Contemporary Issues for Management

As has been elaborated, numerous different disorders exist for patients presenting with hypogonadotropic hypogonadism. Many of these are rare and best managed by specialists who treat the specific disorder, each disorder having very specific individual clinical concerns. It should be determined early whether treatment of the disorder will allow subsequent pubertal progression or whether a form of hypogonadotropism exists for which puberty will not progress without sex steroid replacement. Early hormone therapy is critical for the management of such patients. Similarly important is the individual counseling about expectations for pubertal development, associated problems, reproductive options, and chance of recurrence or reversal. No doubt, this may require a multidisciplinary team approach. An interesting finding of the Children’s Hospital study was that it provided evidence that there may be an association between hypogonadotropic hypogonadal causes of delayed puberty and attention deficit disorder with or without hyperactivity (85). Finally, as more and more gene mutations are identified in IHH patients, an understanding of minor phenotypic findings associated with them may make earlier diagnosis possible. When seen, for example, in an extremely obese adolescent, leptin or leptin receptor mutations should be considered.

Eugonadism

The MCG series presented a third group of females with pubertal abnormalities and evidence of ongoing estrogen production. These patients primarily present with delayed menarche.

Anatomic Abnormalities

Congenital absence of the uterus and vagina (CAUV), also known as müllerian aplasia or Meyer-Rokitansky-Kuster-Hauser-syndrome (MRKH), is the second most common cause of pubertal aberrancy in the MCG series (84). In particular, these patients present with delayed menarche. They have fusion failure of the two müllerian anlagen during embryogenesis. The normal fusion process is usually followed by canalization of the vagina. In its absence, small uterine remnants and their attached normal fallopian tubes remain; the vaginal plate and uterine remnant(s) are uncannalized. Rare patients will have a variable degree of uterine fusion and/or variable foci of functional endometrium (250). These patients progress through puberty at the normal time. They present with normal pubertal development and delayed menarche and on examination are found to have isolated absence of the vagina. They have normal ovarian function. Nearly 30% of these patients have concomitant renal abnormalities, including unilateral renal agenesis, horseshoe kidneys and urethral duplication. From 12 to 50% of these patients will have associated skeletal abnormalities, scoliosis being the most common and limb defects such as lobster claw hand deformity and phocomelia rarely present (83). Other abnormalities may also occur.

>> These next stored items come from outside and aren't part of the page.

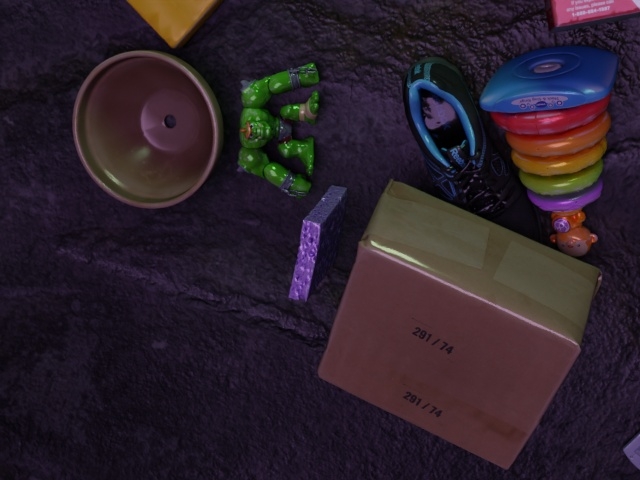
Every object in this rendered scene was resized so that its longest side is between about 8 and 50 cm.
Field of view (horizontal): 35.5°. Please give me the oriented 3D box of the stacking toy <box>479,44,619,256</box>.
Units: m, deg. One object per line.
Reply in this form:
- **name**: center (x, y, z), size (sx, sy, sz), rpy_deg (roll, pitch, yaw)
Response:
- **stacking toy**: center (0.336, -0.103, 1.396), size (0.175, 0.166, 0.302), rpy_deg (-2, 120, 25)

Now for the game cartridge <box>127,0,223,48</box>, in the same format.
- **game cartridge**: center (-0.205, -0.496, 1.470), size (0.324, 0.052, 0.285), rpy_deg (-43, 91, 19)

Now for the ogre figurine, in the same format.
- **ogre figurine**: center (-0.065, -0.165, 1.502), size (0.118, 0.097, 0.197), rpy_deg (3, 122, -4)

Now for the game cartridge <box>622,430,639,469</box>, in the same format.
- **game cartridge**: center (0.507, 0.331, 1.526), size (0.083, 0.017, 0.056), rpy_deg (39, 108, 2)

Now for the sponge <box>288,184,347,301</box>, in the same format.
- **sponge**: center (0.000, 0.000, 1.464), size (0.031, 0.210, 0.117), rpy_deg (13, 109, 9)

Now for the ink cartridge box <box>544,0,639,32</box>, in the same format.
- **ink cartridge box**: center (0.359, -0.409, 1.213), size (0.197, 0.114, 0.273), rpy_deg (-9, 96, 11)

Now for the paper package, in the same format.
- **paper package**: center (0.188, 0.123, 1.427), size (0.325, 0.168, 0.309), rpy_deg (24, 133, 7)

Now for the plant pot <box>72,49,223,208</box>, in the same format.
- **plant pot**: center (-0.251, -0.175, 1.535), size (0.237, 0.110, 0.237), rpy_deg (4, 105, 13)

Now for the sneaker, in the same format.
- **sneaker**: center (0.205, -0.094, 1.421), size (0.125, 0.139, 0.341), rpy_deg (-29, 98, 17)
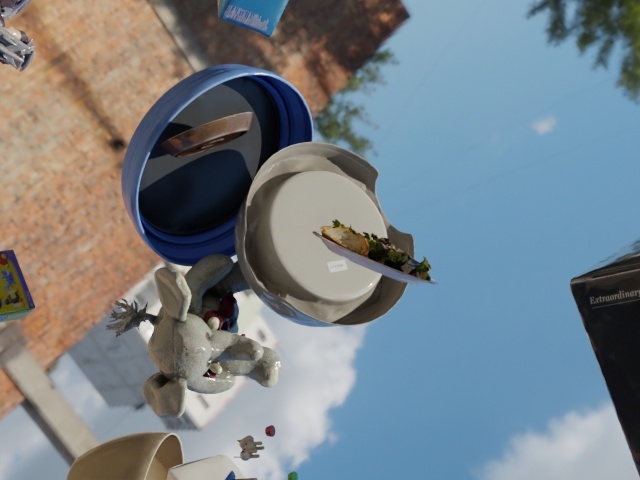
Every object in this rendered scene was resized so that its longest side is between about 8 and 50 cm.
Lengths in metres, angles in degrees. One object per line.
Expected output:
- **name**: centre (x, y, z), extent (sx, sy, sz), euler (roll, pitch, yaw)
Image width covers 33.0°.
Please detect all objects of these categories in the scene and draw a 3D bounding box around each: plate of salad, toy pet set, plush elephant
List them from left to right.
- **plush elephant**: centre (-0.209, 0.170, 1.905), extent (0.330, 0.272, 0.255), euler (0, -166, -13)
- **toy pet set**: centre (-0.089, 0.319, 1.390), extent (0.065, 0.122, 0.114), euler (-11, -159, 32)
- **plate of salad**: centre (0.084, 0.017, 1.583), extent (0.048, 0.200, 0.200), euler (-68, -162, 3)

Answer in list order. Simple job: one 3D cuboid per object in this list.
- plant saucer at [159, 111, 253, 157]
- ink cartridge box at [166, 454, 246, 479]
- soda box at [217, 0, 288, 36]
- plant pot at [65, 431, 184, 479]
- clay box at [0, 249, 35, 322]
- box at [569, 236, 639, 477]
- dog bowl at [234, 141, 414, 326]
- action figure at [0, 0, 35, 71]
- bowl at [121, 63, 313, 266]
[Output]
- **plant saucer**: centre (-0.188, -0.176, 1.830), extent (0.168, 0.029, 0.168), euler (-21, 180, 0)
- **ink cartridge box**: centre (-0.187, 0.537, 1.816), extent (0.117, 0.283, 0.207), euler (-7, -147, -38)
- **soda box**: centre (-0.046, -0.337, 1.190), extent (0.210, 0.067, 0.071), euler (-60, -156, 31)
- **plant pot**: centre (-0.419, 0.526, 2.230), extent (0.191, 0.284, 0.284), euler (7, -152, 10)
- **clay box**: centre (-0.644, 0.094, 1.960), extent (0.222, 0.127, 0.053), euler (-10, 159, -47)
- **box**: centre (0.550, 0.176, 1.382), extent (0.212, 0.395, 0.293), euler (-25, -174, -42)
- **dog bowl**: centre (0.000, 0.000, 1.965), extent (0.349, 0.349, 0.102), euler (-45, -174, -34)
- **action figure**: centre (-0.460, -0.320, 1.477), extent (0.099, 0.185, 0.285), euler (-34, -154, 22)
- **bowl**: centre (-0.186, -0.138, 1.955), extent (0.391, 0.391, 0.077), euler (-38, -129, -17)
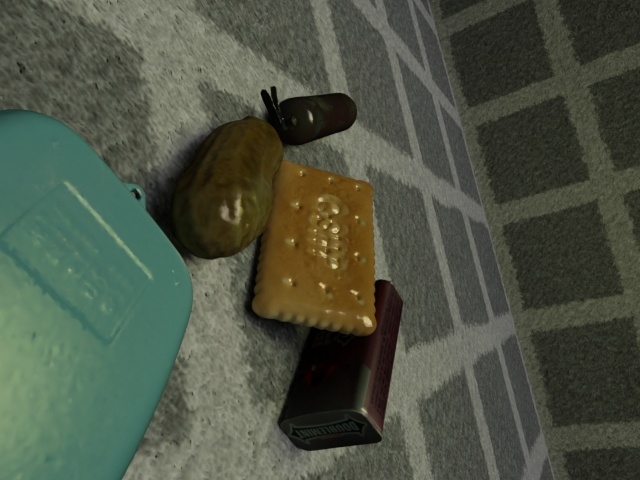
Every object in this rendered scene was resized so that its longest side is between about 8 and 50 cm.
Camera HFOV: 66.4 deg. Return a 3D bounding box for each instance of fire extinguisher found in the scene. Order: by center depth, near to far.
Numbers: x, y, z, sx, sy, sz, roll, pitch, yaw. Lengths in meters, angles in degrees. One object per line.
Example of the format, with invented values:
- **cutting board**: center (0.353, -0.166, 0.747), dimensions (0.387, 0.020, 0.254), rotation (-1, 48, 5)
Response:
- **fire extinguisher**: center (-0.017, -0.205, 0.782), dimensions (0.267, 0.072, 0.089), rotation (-39, 118, -61)

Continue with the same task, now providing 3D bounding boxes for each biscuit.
- **biscuit**: center (0.000, -0.001, 0.647), dimensions (0.160, 0.030, 0.250), rotation (14, 53, -12)

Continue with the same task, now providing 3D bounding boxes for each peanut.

Another group of patients who may present with an anatomic cause of delayed menarche are those with an imperforate hymen or rarely a transverse vaginal septum (TVS). Given the average age of menarche, most girls with an imperforate hymen will present several years before the age of 15 years and thus may not be “labeled” as presenting with primary amenorrhea. While a complete TVS causes a presentation similar to imperforate hymen, the majority of patients with a TVS will have perforations in their septum and will not present with absence of menses.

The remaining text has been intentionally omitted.